Without the benefit of hindsight, how then can you be sure that the information you rely on is accurate? How can you trust the news sources that you turn to so often? With addiction to this information and the fervent belief that we cannot function without knowing what is happening in the world, how can we protect ourselves from being manipulated? Again this comes back to the idea of consistency, you need to have multiple sources and they need to convey information that is broadly aligned. The trouble with trying to achieve this goal is that we live in a world of conglomerates, there is an illusion of choice when in reality those brands which at first appear distinct are in reality linked.

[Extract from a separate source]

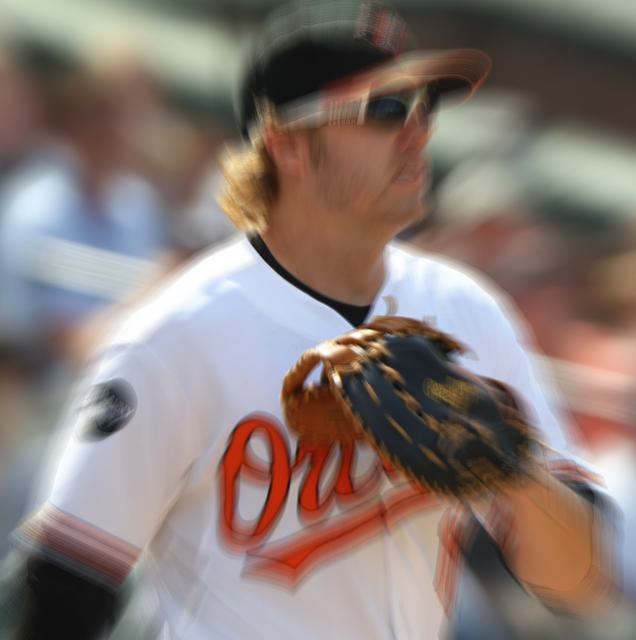What emotions does the image evoke considering the motion blur? The motion blur creates a dynamic and intense atmosphere, suggesting the fast-paced nature of sports events. It can evoke feelings of excitement and anticipation, as viewers may imagine the split-second actions taking place on the field, such as a critical catch or throw in a high-stakes moment of the game. 
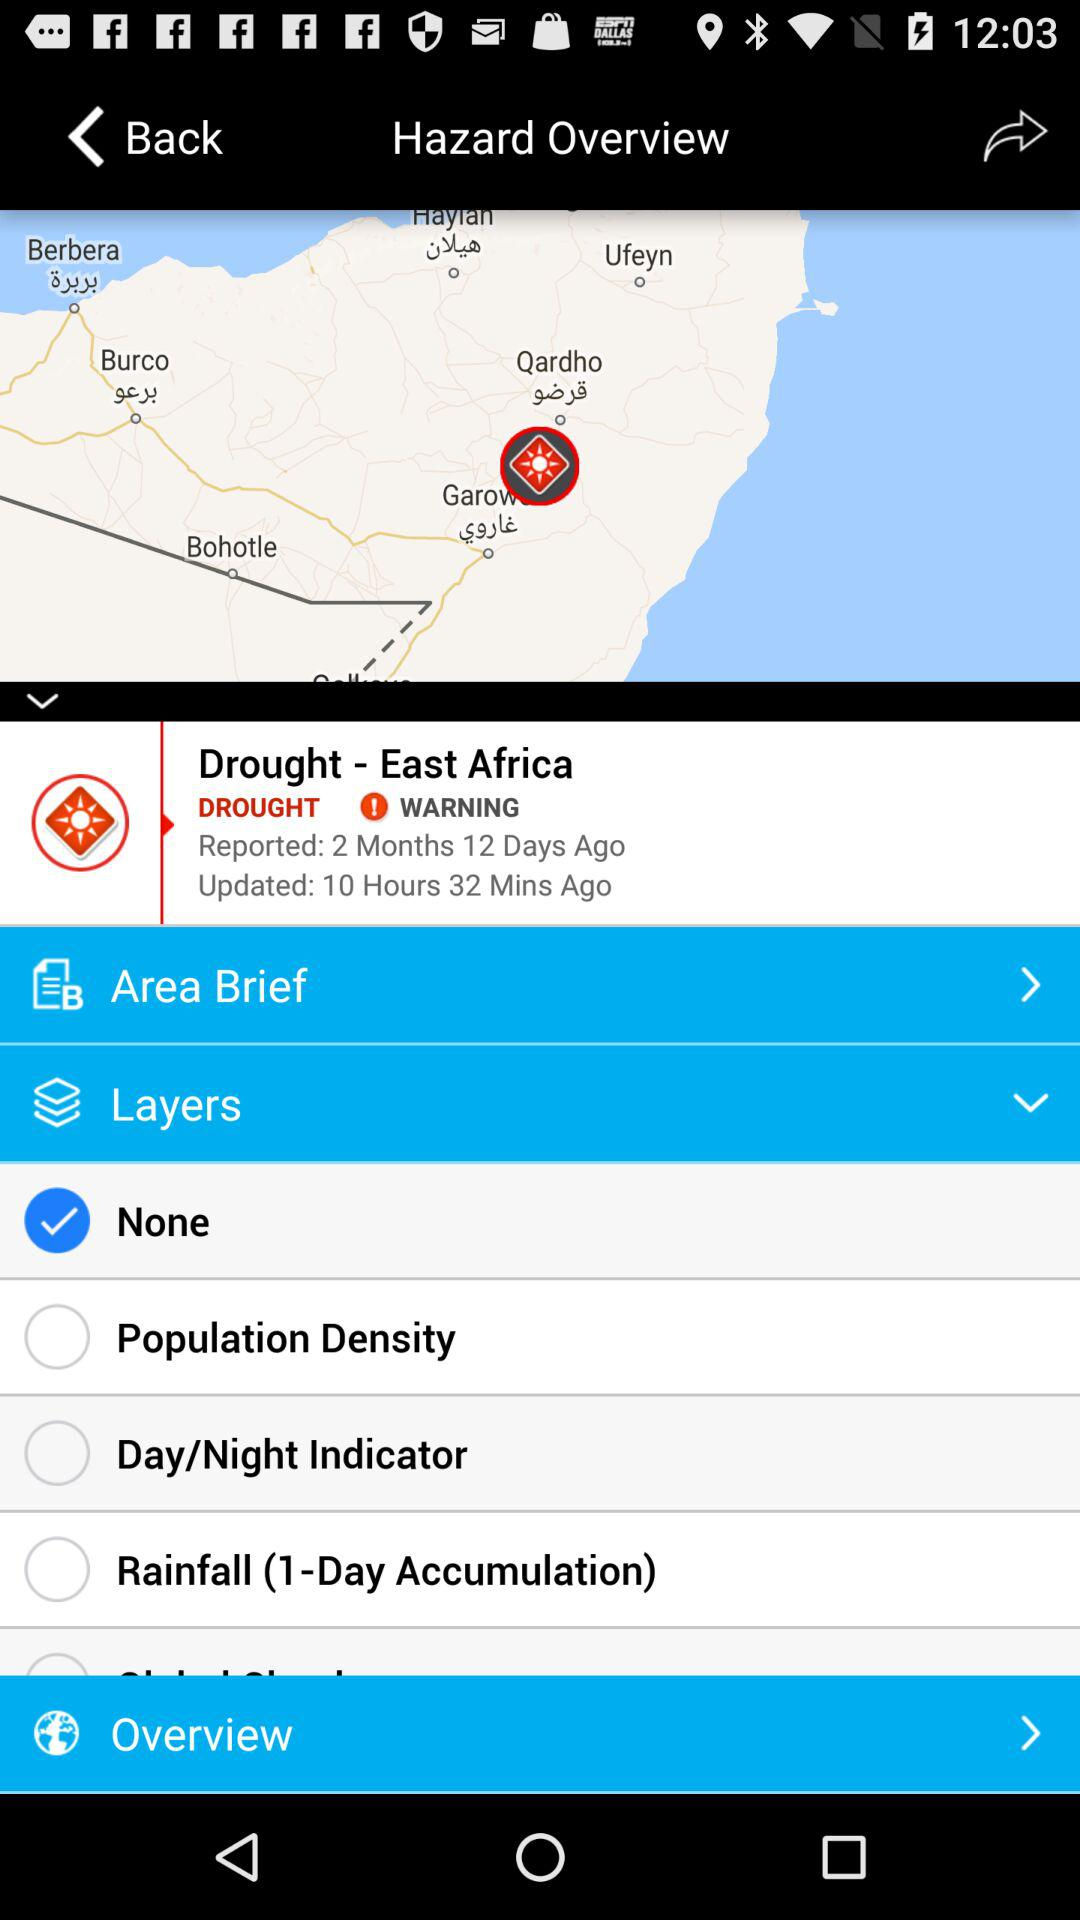What is the mentioned region of Africa? The mentioned region is "East Africa".

The best example I can give of this concept can be seen by a well known image in the UK which you can find here which depicts the illusion of choice in respect of consumer brands - there are essentially 10 companies that produce almost every thing we eat and drink despite there being hundreds of brands to "choose" from. This image dates back several years and went viral at the time of its publication. This illusion is common amongst many different industries and the publishing industries and broadcast industries in this regard are no different. To ensure that the narrative you are following is not biased then you need to ensure your sources of information are widespread and not simply sources of "churnalism" whereby the same story is rewritten many times and reposted with little or no verification of the claims made.
The most astute readers and those who are the most critical will already have realised there are still a number of flaws with this strategy, namely that it is easy to use this against the consumer by continuing to lie but ensuring the lie is consistent. Therein lies the biggest problem, we have reached a point where we doubt everything, whether we have good reason to or not, and have no motivation to put any effort into checking what we are told is actually true. Perhaps then the best advice is to accept reality and acknowledge that news as a source of information is a concept that has died and news as a form of entertainment is the world we now live in. If that is what you want to use as a foundation then there must be a recognition that you can't let news influence how you live your life, you wouldn't make life decisions based on the events of a soap opera as you know it's not real, why then would you make life decisions based on something you've come to accept isn't reliable and therefore cannot be trusted to be real either?